Служил Корф сначала в министерстве юстиции и в комиссии составления законов. Затем в течение пяти лет состоял при графе Сперанском во Втором отделении Собственной его Императорского величества канцелярии. С 1831 года управлял делами Комитета министров, с 1834 года был государственным секретарём, а в 1843 году назначен членом Государственного Совета.

Необходимо отметить, что на каких бы должностях ни находился барон Корф, везде под его руководством воцарялся идеальный порядок и формировалась образцовая система управления. Он был придирчив и требователен, очень деятелен и рационален в своих действиях. Начальство осыпало его милостями и наградами, Сперанский говорил о нём как о «лучшем работнике», у министра юстиции Лобанова Корф также был в фаворитах и в самых близких сотрудниках, которому он мог доверить любую, даже самую сложную задачу.

А у руководства таких «сложных» задач было немало. В 1848 году решением Императора был создан тайный комитет постоянного надзора за «духом и направлением книгопечатаний». Членом этого комитета утверждается барон Корф. «Чёрный совет» – так называли его все прогрессивно настроенные представители тогдашней интеллигенции. Это был орган секретной цензуры, помимо той, что имелась при небезызвестном управлении графа Бенкендорфа, перешедшая во времена Корфа к князю Алексею Фёдоровичу Орлову.

С 1849 года Модест Андреевич становится директором Императорской публичной библиотеки. И здесь вновь он проявляет свой исключительный организаторский талант.

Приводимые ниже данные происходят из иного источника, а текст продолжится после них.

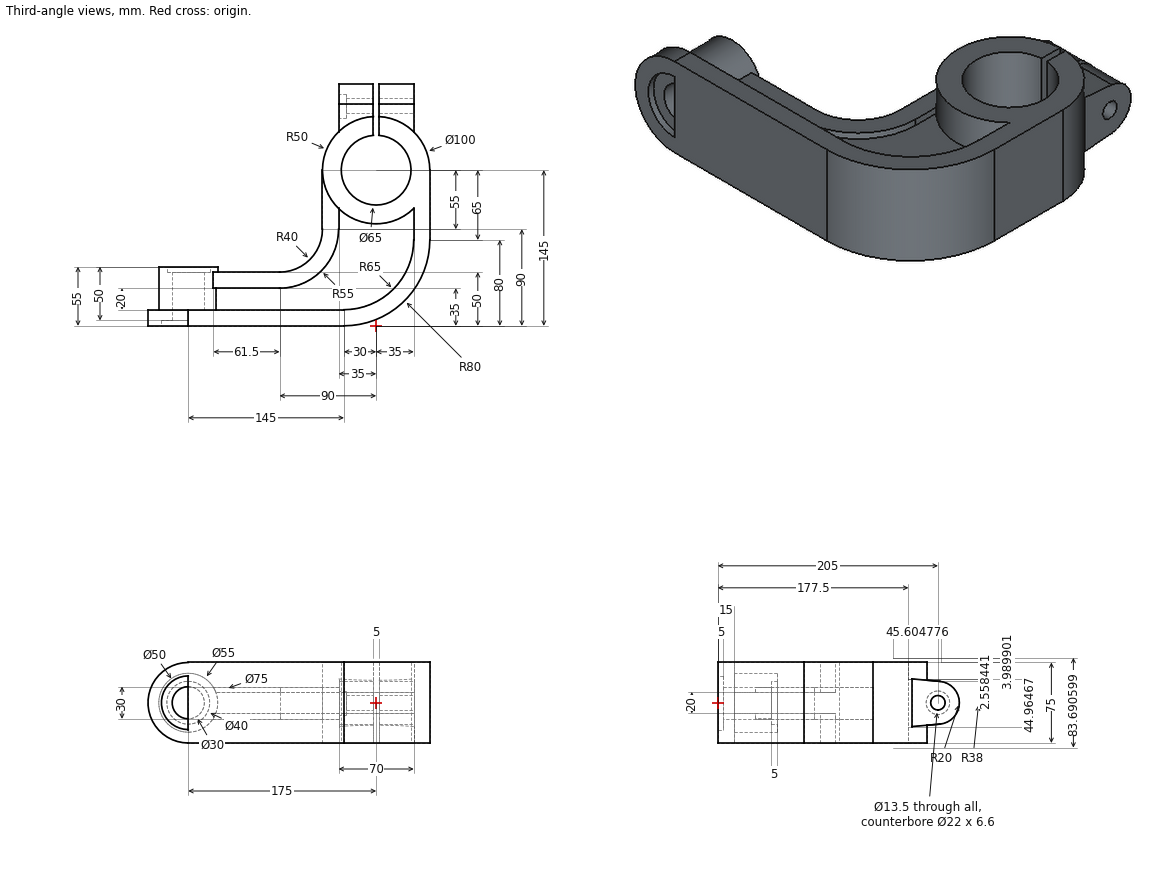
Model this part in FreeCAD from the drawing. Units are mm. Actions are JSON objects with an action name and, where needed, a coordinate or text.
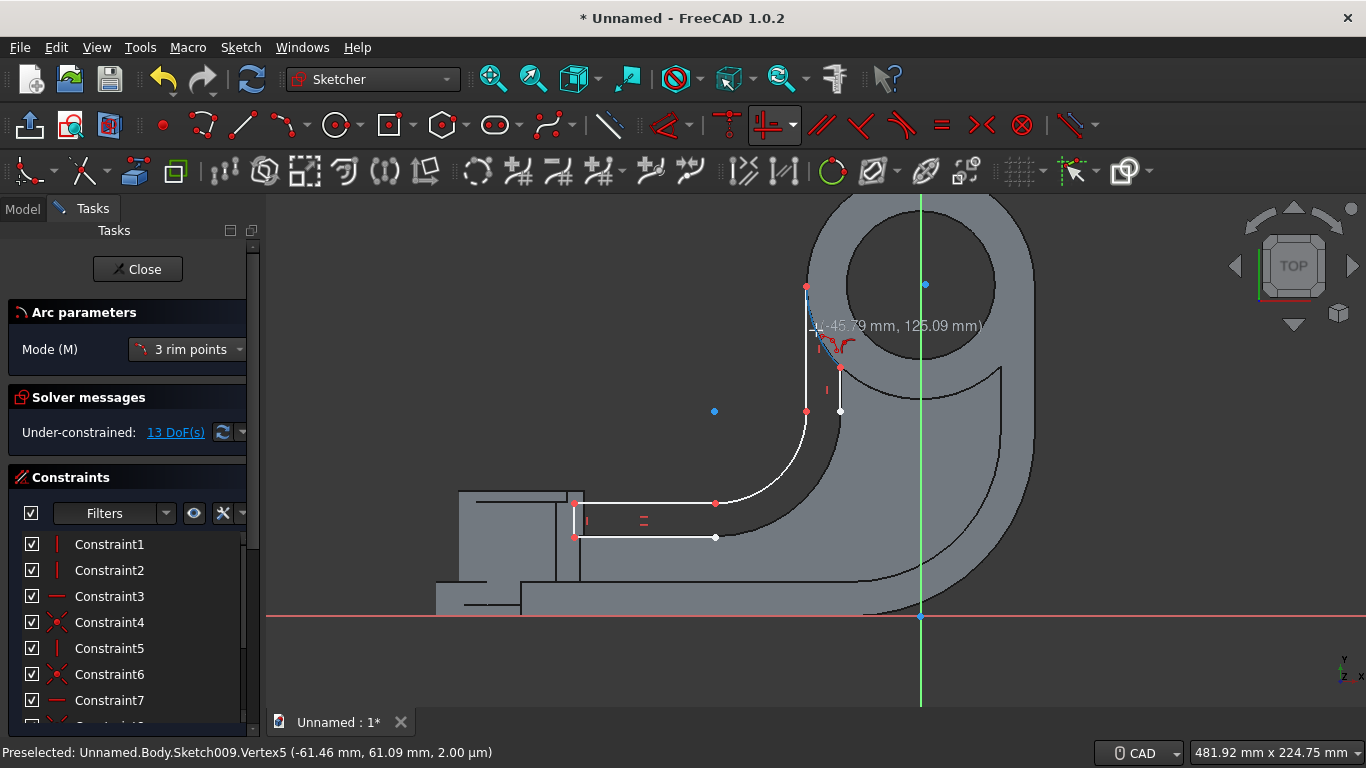
{"action": "left_click", "coordinate": [715, 537]}
{"action": "left_click", "coordinate": [840, 411]}
{"action": "left_click", "coordinate": [804, 500]}
{"action": "key", "text": "Escape"}

Корф обновил и преобразовал библиотеку, превратив её из запущенного, малопосещаемого заведения, в центр общественной и культурной жизни, с мероприятиями и выставками, которые, по словам её сотрудника, выдающегося русского критика Стасова, «постоянно привлекали толпы народа». По требованию её директора весь фонд библиотеки был упорядочен и систематизирован, что сильно упростило доступ к запрашиваемым изданиям. В библиотечных залах проводились демонстрации редких и интересных книг, был создан отдел «Rossica», объединивший в себе всё, что содержало хоть какое-либо упоминание о России.

В 1861 году барон Корф был назначен главноуправляющим Вторым отделением Собственной его Императорского величества канцелярии, а в 1864 году – председателем департамента законов Государственного Совета. В 1872 году он был возведён в графское достоинство.

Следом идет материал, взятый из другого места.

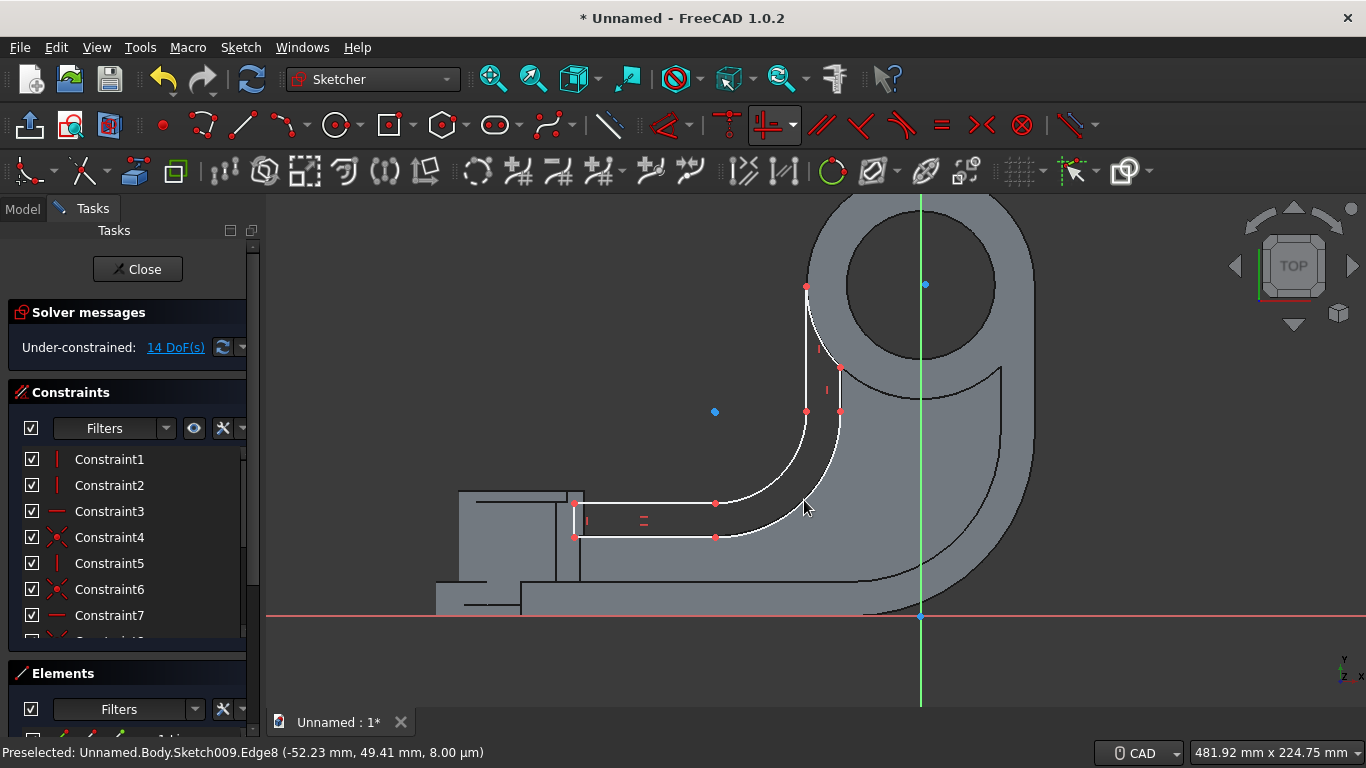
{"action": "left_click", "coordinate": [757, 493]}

В отличие от небезызвестного кинематографического персонажа, Модест Корф был действительно «особой, приближённой к Императору». Ещё будучи служащим под началом Сперанского, Корф имел прямой доступ к Николаю Первому, лично докладывая ему о делах своего комитета, а с 1847 года начал преподавать право великим князьям и наследнику престола.

Занимался Корф и литературной деятельностью. Кроме действительно полезной и нужной книги «Графодромия, или Искусство скорописи», он написал «Восшествие на престол Императора Николая I», где оболгал декабристов, не пощадив даже своих прежних товарищей по Лицею. Вольная печать, в лице Герцена и Огарёва, встретила этот пасквиль «антикорфикой». Изданное бароном «подлое сочинение», а именно так оно было аттестовано авторами «Полярной звезды», не раз подвергалось критике как в «Колоколе», так и в других неподцензурных изданиях.

Исключительно неприятны его «Записки», полные несправедливых оценок Лицея и лицеистов. Особенно впечатляет, что при таком отношении, Корф аккуратно посещал лицейские сходки 19 октября, посвя-щённые годовщине Лицея. Впрочем, даже бегло познакомившись с бывшим хозяином лицейской комнаты № 8, читатель вряд ли сочтёт такое положение вещей необъяснимым и удивительным.